Il est vrai aussi que Puccini exalte l’œuvre, dans sa partition orchestrale, dans ses airs. Avant même que Scarpia n’apparaisse, l’orchestre, à la seule évocation de son nom, dénonce déjà sa noirceur démoniaque ; le sacristain a eu droit à la petite musique guillerette d’un homme tranquille étranger aux soubresauts du monde ; les premières notes de Tosca disent sa jeunesse impétueuse, sa piété ; et l’acte II, celui de la torture du peintre, du chantage de Scarpia, des tourments de Tosca, est culmination orchestrale et vocale ; et comme ils sont déchirants les cris de l’héroïne constatant la mort bien réelle de celui qu’elle avait cru sauver.

En réponse à l’engouement, à l’Opéra de Paris Bastille, ce ne sont pas moins de vingt représentations qui ont été prévues pour "Tosca". De quoi permettre au plus large public de retrouver l’œuvre affectionnée ou d’en découvrir les fascinations. Ce qui a nécessité une distribution multiple pour les rôles principaux. Quant à l’orchestre, qui en était à sa quinzième représentation, dirigé par Evelino Pido, il a été à l’exacte mesure de la partition.
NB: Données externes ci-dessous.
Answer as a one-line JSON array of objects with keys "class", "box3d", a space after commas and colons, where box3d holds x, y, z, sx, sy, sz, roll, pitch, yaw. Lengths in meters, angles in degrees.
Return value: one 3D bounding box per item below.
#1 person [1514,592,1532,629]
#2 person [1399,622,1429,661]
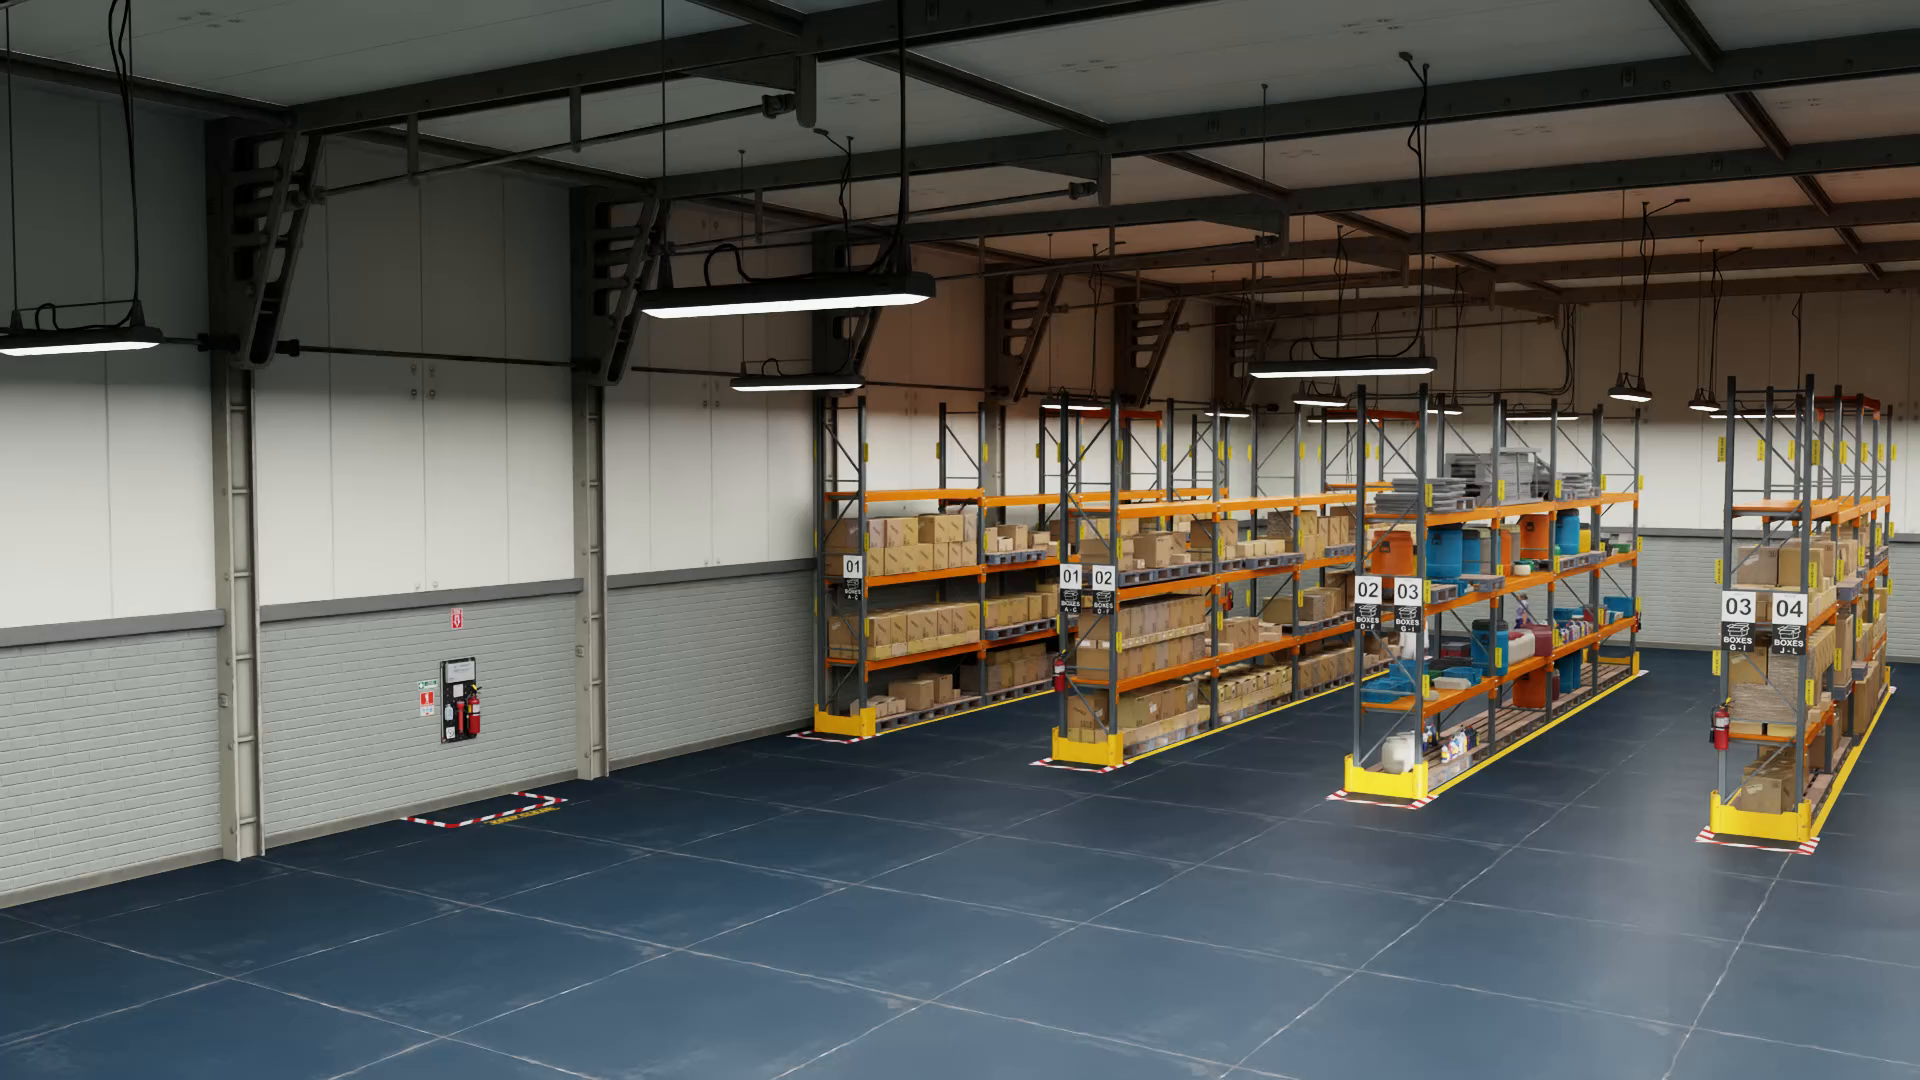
[{"class": "person", "box3d": [13.606, 2.063, 40.294, 0.825, 1.615, 0.489, 3, 4, 43]}, {"class": "person", "box3d": [9.599, 2.263, 35.160, 0.638, 1.779, 0.531, 0, 3, 6]}]

Dans sa mise en scène, Pierre Audi s’est mis au service de l’œuvre. Il n’est pas de ces metteurs en scène qui s’interposent entre une œuvre et le public : il la donne à voir afin qu’on puisse mieux l’entendre! Cette fois encore, comme il l’avait fait pour son "Pelléas et Mélisande" de Bruxelles, il a  "installé" (au sens plastique du terme) un " objet monumental", significatif, sur le plateau : une immense croix, piédestal des ministres de l’Eglise et de Scarpia à l’acte I, écrasant "surmoi" aux actes II et III. Et beaucoup est dit ainsi sur la collusion écrasante des pouvoirs religieux et politiques. Dans la scénographie, dans les apparences des personnages, il a privilégié des images et des contrastes colorés immédiatement lisibles : on sait tout de suite qui est qui. Et l’œuvre vit, et justifie et perpétue sa fascination.